→ **TASK INPUT**

- Opening Delimiter -

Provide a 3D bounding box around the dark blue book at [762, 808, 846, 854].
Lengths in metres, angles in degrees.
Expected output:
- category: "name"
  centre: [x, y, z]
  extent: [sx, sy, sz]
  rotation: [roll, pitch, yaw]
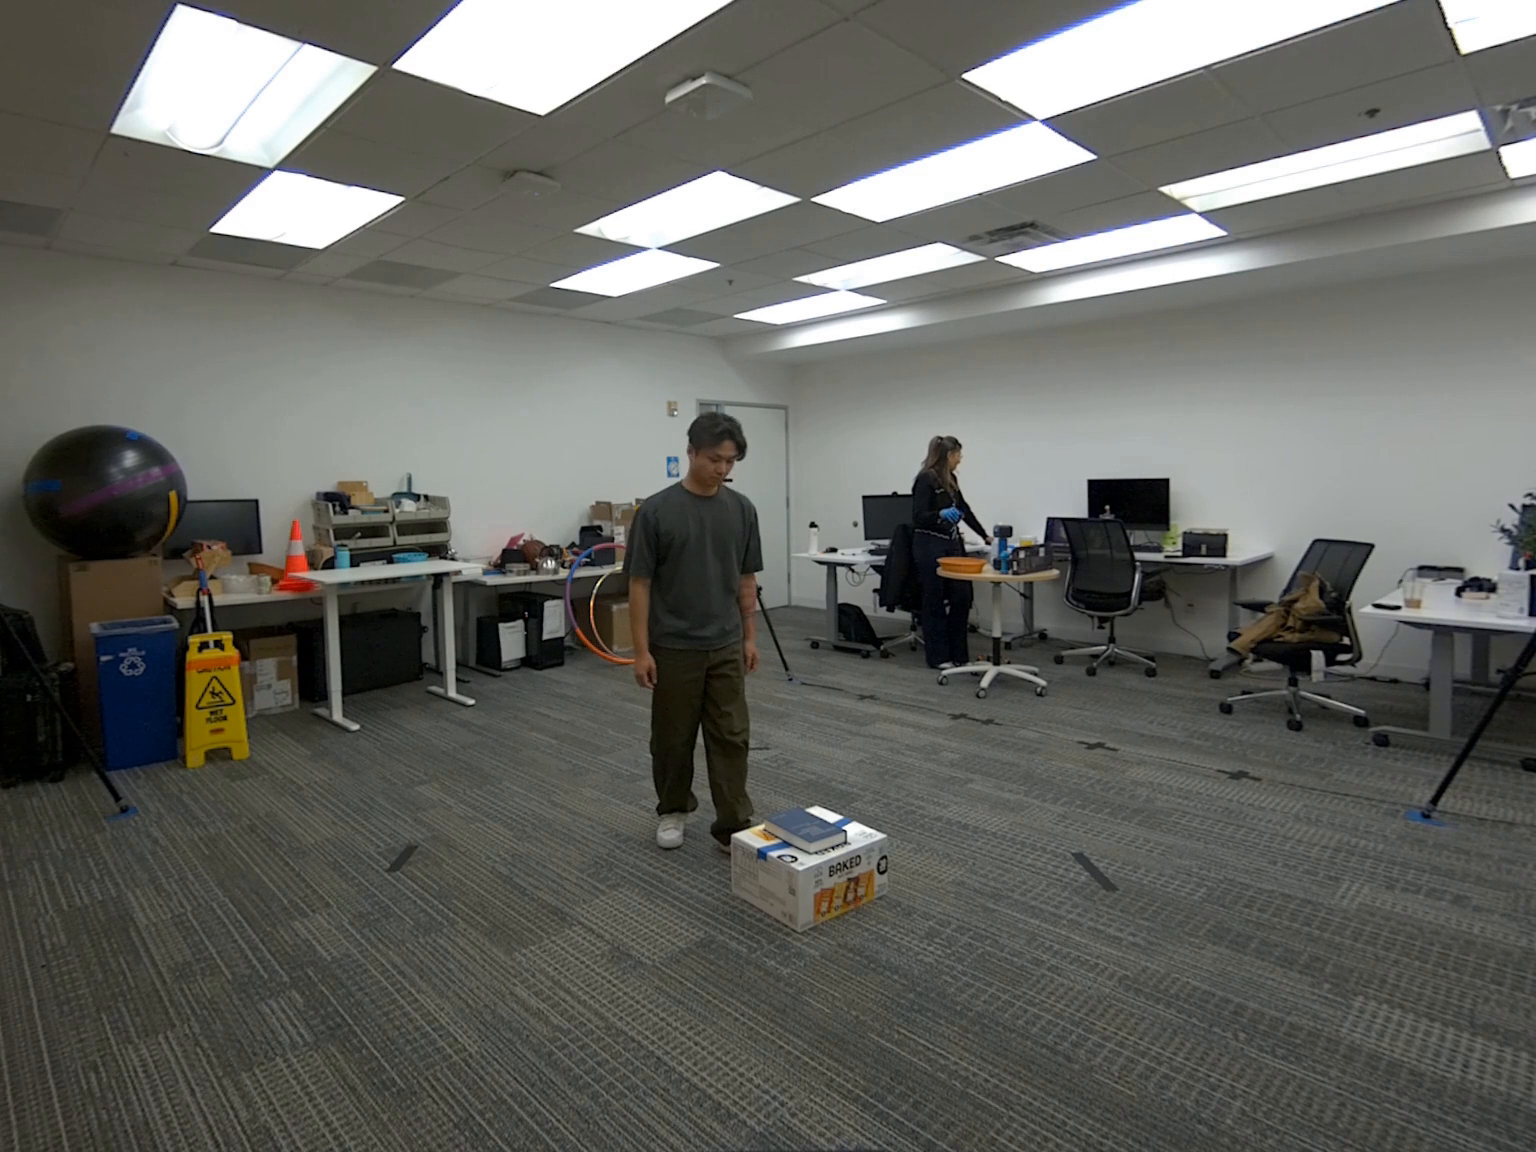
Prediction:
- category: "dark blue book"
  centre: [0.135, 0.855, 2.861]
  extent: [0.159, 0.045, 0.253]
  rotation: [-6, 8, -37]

- Closing Delimiter -
- Opening Delimiter -

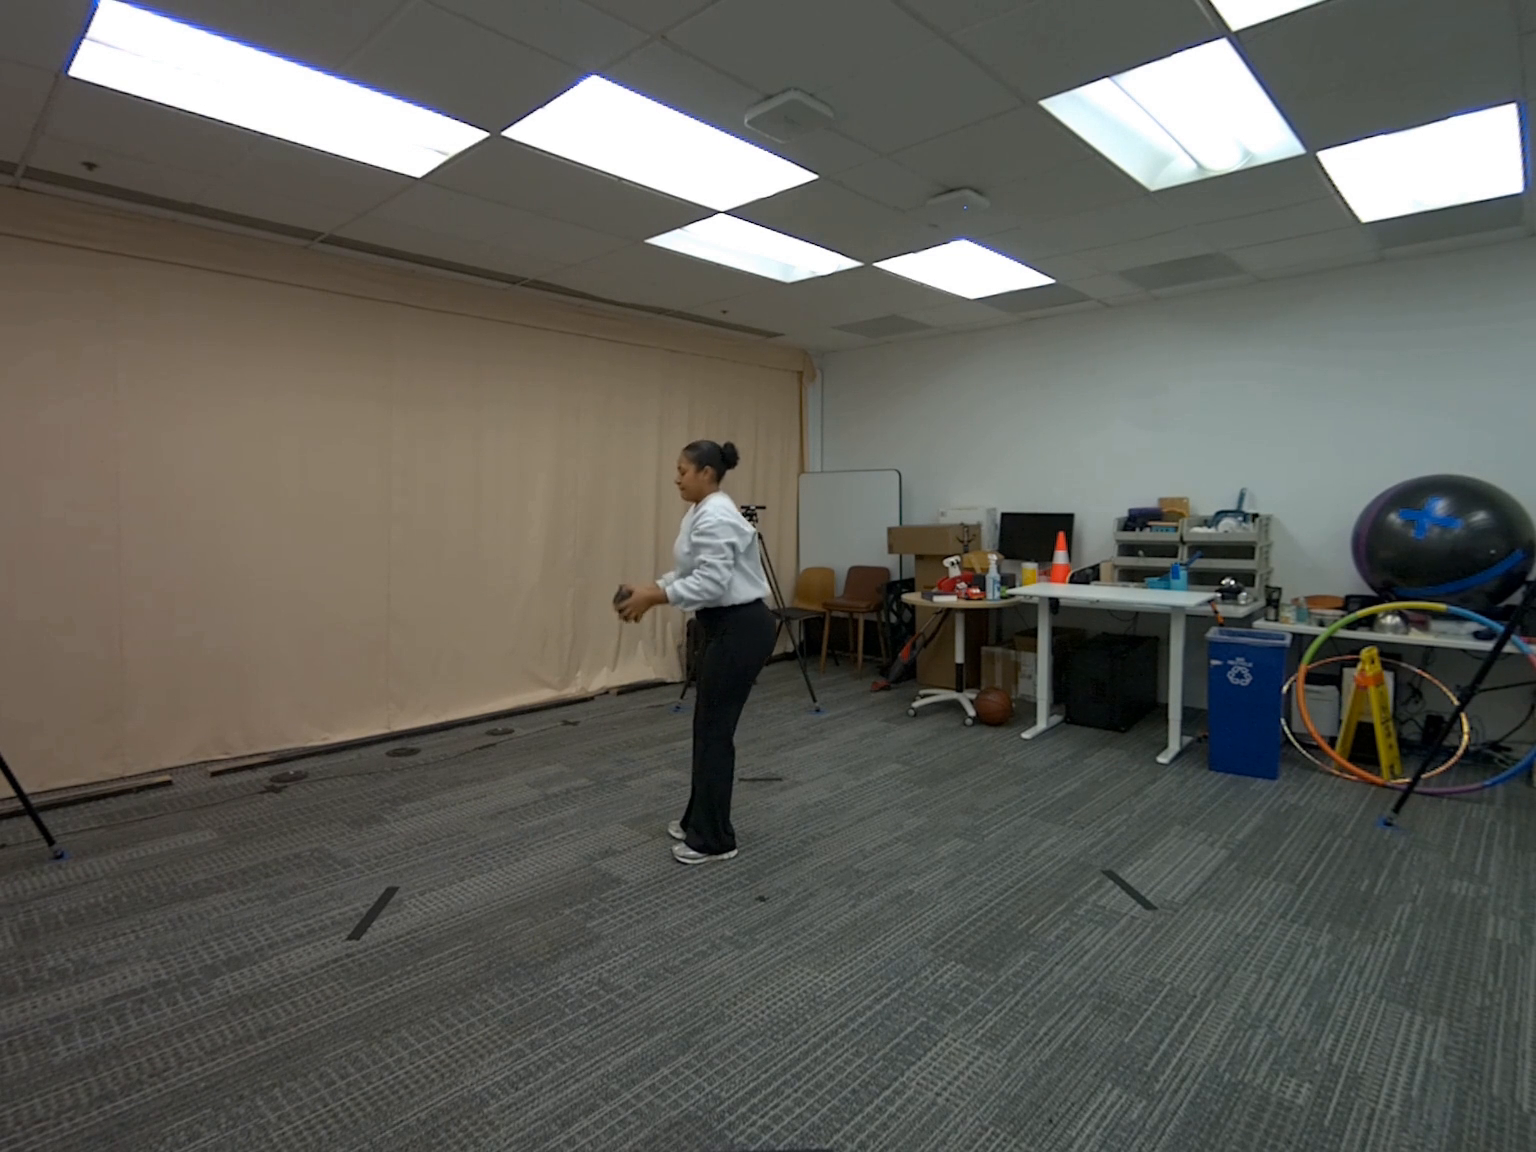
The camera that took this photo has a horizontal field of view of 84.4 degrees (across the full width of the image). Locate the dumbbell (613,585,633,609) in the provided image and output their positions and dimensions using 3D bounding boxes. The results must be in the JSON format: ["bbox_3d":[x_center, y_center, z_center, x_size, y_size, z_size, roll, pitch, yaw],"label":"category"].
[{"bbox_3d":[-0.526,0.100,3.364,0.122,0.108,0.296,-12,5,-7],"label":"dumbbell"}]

- Closing Delimiter -
- Opening Delimiter -

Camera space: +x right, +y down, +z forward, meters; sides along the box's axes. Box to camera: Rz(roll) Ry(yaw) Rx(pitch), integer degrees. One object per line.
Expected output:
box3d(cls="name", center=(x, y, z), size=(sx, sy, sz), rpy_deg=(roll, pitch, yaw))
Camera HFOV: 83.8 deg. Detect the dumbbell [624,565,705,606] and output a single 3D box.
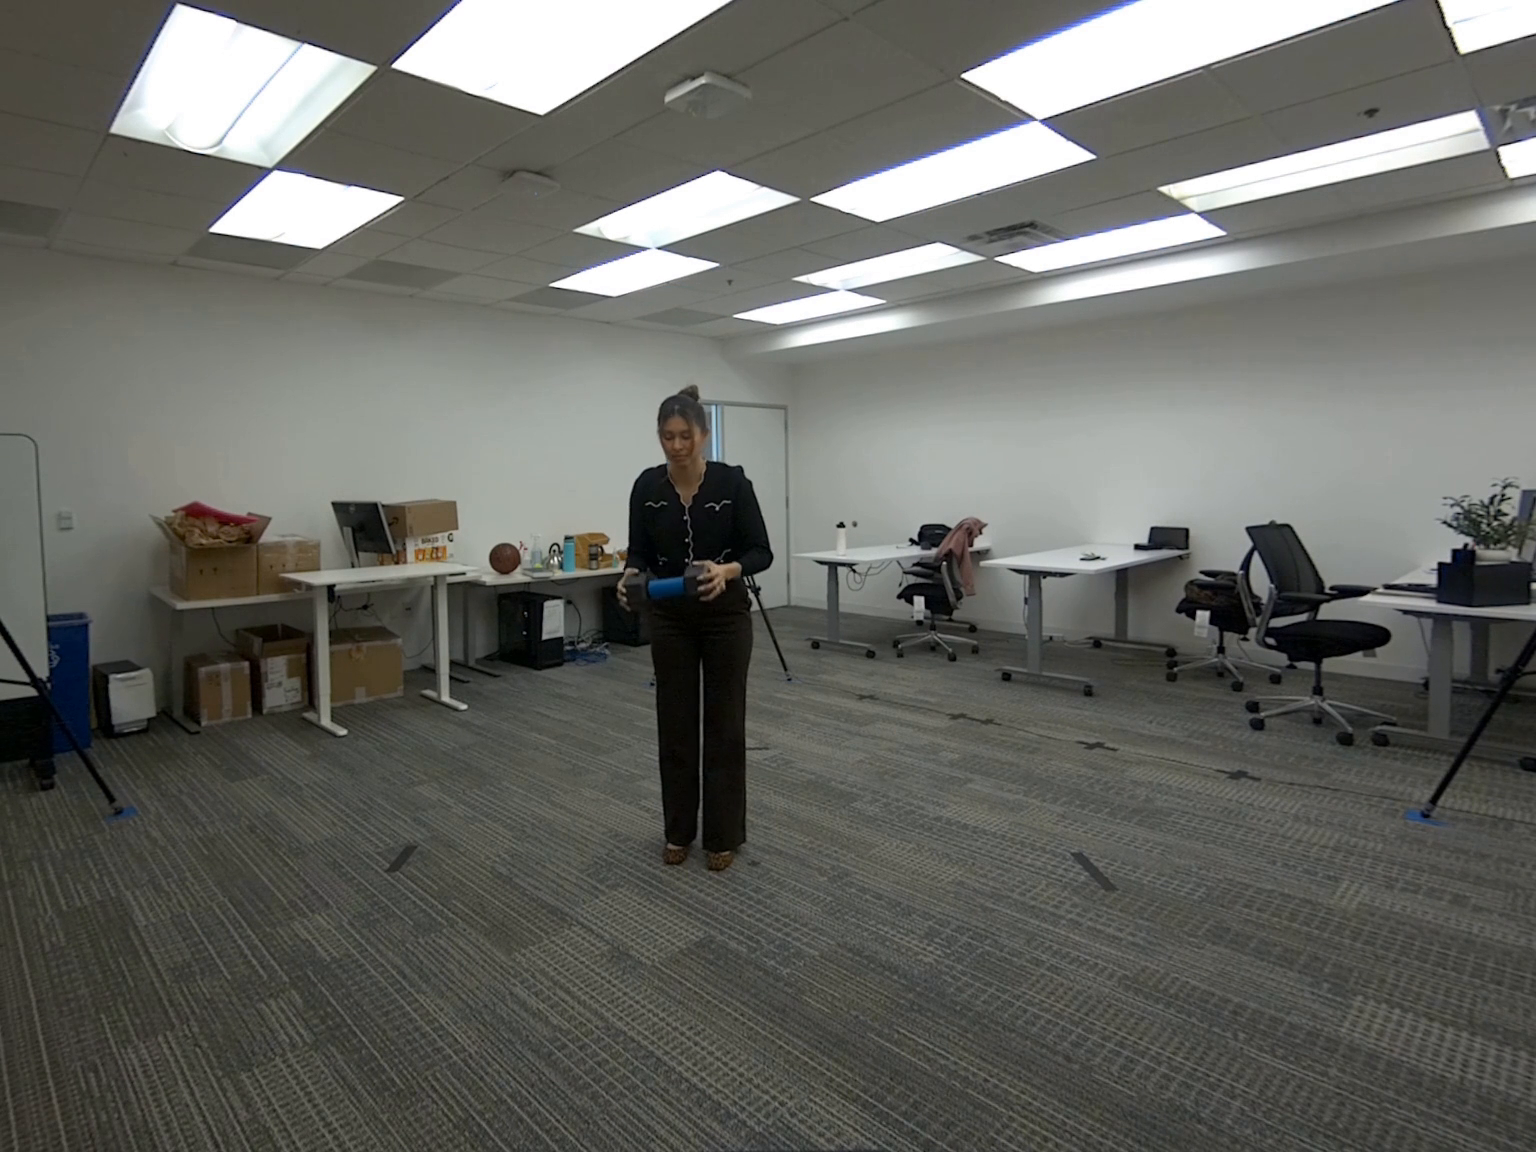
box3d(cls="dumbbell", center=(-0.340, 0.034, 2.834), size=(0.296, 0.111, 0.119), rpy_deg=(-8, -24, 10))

- Closing Delimiter -

Copy every line of the records above that contains "name".

→ **EXERCISE SOLUTION**
- category: "name"
box3d(cls="name", center=(x, y, z), size=(sx, sy, sz), rpy_deg=(roll, pitch, yaw))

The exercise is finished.